One more indictment! This time, it comes from Fulton County, Georgia, where Trump tried to bulldoze the Secretary of State into “finding” him enough votes to win. Eighteen additional friends (and 30 unnamed co-conspirators, probably anonymized to entice them to flip on the named defendants as in the recent federal indictment) come aboard for the ride with RICO violations and a conspiracy. Read the indictment in full here.

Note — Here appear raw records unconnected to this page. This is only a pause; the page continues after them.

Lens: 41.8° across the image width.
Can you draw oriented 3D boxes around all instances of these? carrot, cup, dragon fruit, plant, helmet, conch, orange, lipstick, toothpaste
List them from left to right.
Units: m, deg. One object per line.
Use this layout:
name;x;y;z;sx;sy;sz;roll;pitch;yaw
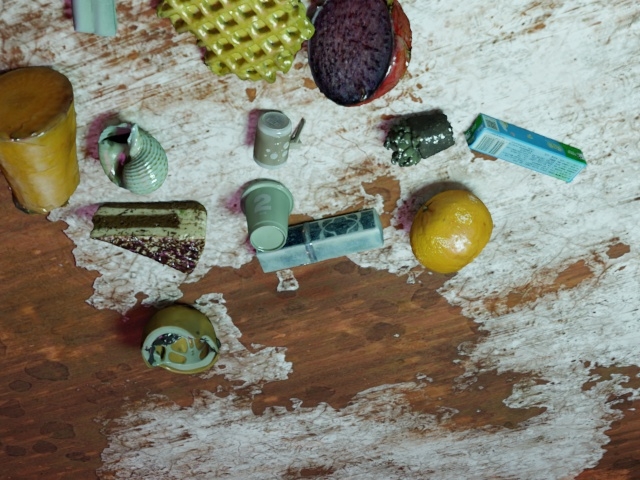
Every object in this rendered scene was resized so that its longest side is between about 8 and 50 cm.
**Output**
carrot;-0.536;-0.177;1.605;0.196;0.196;0.254;-3;144;-2
conch;-0.374;-0.165;1.686;0.135;0.102;0.153;-2;106;13
helmet;-0.352;0.239;2.112;0.199;0.130;0.224;-11;148;10
cup;-0.116;-0.048;1.810;0.120;0.141;0.120;-1;136;-1
cup;-0.082;-0.202;1.690;0.102;0.074;0.099;3;137;-9
lipstick;0.000;0.000;1.918;0.290;0.077;0.076;-12;137;6
dragon fruit;0.097;-0.349;1.489;0.148;0.218;0.223;-9;107;-42
plant;0.198;-0.207;1.702;0.143;0.092;0.094;-20;143;5
orange;0.282;-0.023;1.847;0.161;0.193;0.193;37;127;-6
toothpaste;0.433;-0.192;1.767;0.267;0.050;0.065;15;133;-21

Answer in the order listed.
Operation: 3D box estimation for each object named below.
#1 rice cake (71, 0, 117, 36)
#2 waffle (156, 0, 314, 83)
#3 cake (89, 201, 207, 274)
rice cake;-0.389;-0.446;1.420;0.080;0.042;0.221;1;138;-9
waffle;-0.152;-0.382;1.485;0.291;0.051;0.291;3;145;2
cake;-0.359;-0.038;1.824;0.246;0.112;0.135;23;128;-23
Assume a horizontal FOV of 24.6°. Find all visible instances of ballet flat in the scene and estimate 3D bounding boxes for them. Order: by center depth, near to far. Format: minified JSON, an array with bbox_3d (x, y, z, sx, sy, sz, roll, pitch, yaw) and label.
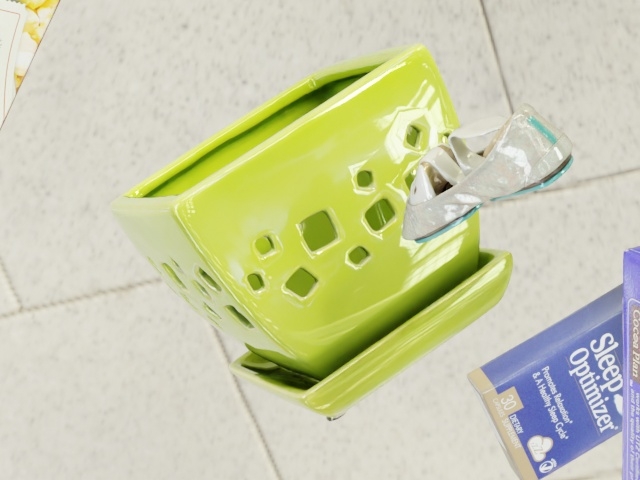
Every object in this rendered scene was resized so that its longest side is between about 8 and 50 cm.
[{"bbox_3d":[0.091,-0.045,0.900,0.052,0.057,0.168,47,147,-10],"label":"ballet flat"}]

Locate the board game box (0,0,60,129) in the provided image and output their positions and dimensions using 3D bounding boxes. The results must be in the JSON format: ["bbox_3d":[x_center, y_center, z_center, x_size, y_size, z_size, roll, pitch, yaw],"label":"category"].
[{"bbox_3d":[-0.143,-0.048,0.489,0.045,0.147,0.193,21,102,-26],"label":"board game box"}]

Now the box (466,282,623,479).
[{"bbox_3d":[0.255,0.117,1.325,0.225,0.036,0.136,-31,126,-4],"label":"box"}]

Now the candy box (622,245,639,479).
[{"bbox_3d":[0.291,0.158,0.720,0.122,0.317,0.268,-14,113,-24],"label":"candy box"}]

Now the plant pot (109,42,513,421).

This is a lengthy indictment, containing 41 charges, the first of which is a violation of the Georgia RICO Act, which requires that the defendants “while associated with an enterprise, unlawfully conspired and endeavored to conduct and participate in, directly and indirectly, such enterprise through pattern of racketeering activity.” Beyond the strategic value of using the RICO Act as a framework for the conspiracy (it is easier to prove than its federal equivalent, and it encompasses a lot of the remaining charges, thus helping create a streamlined narrative), there’s something symbolic about relying on a statutory machine birthed for the purpose of bringing down crime organizations, which, come to think of it, is exactly what this enterprise was.

One’s gotta love the simplicity of the opening paragraph:

Defendant Donald John Trump lost the United States presidential election held on November 3, 2020. One of the states he lost was Georgia. Trump and the other Defendants charged in this Indictment refused to accept that Trump lost, and they knowingly and willfully joined conspiracy to unlawfully change the outcome of the election in favor of Trump. That conspiracy contained common plan and purpose to commit two or more acts of racketeering activity in Fulton County, Georgia, elsewhere in the State of Georgia, and in other states.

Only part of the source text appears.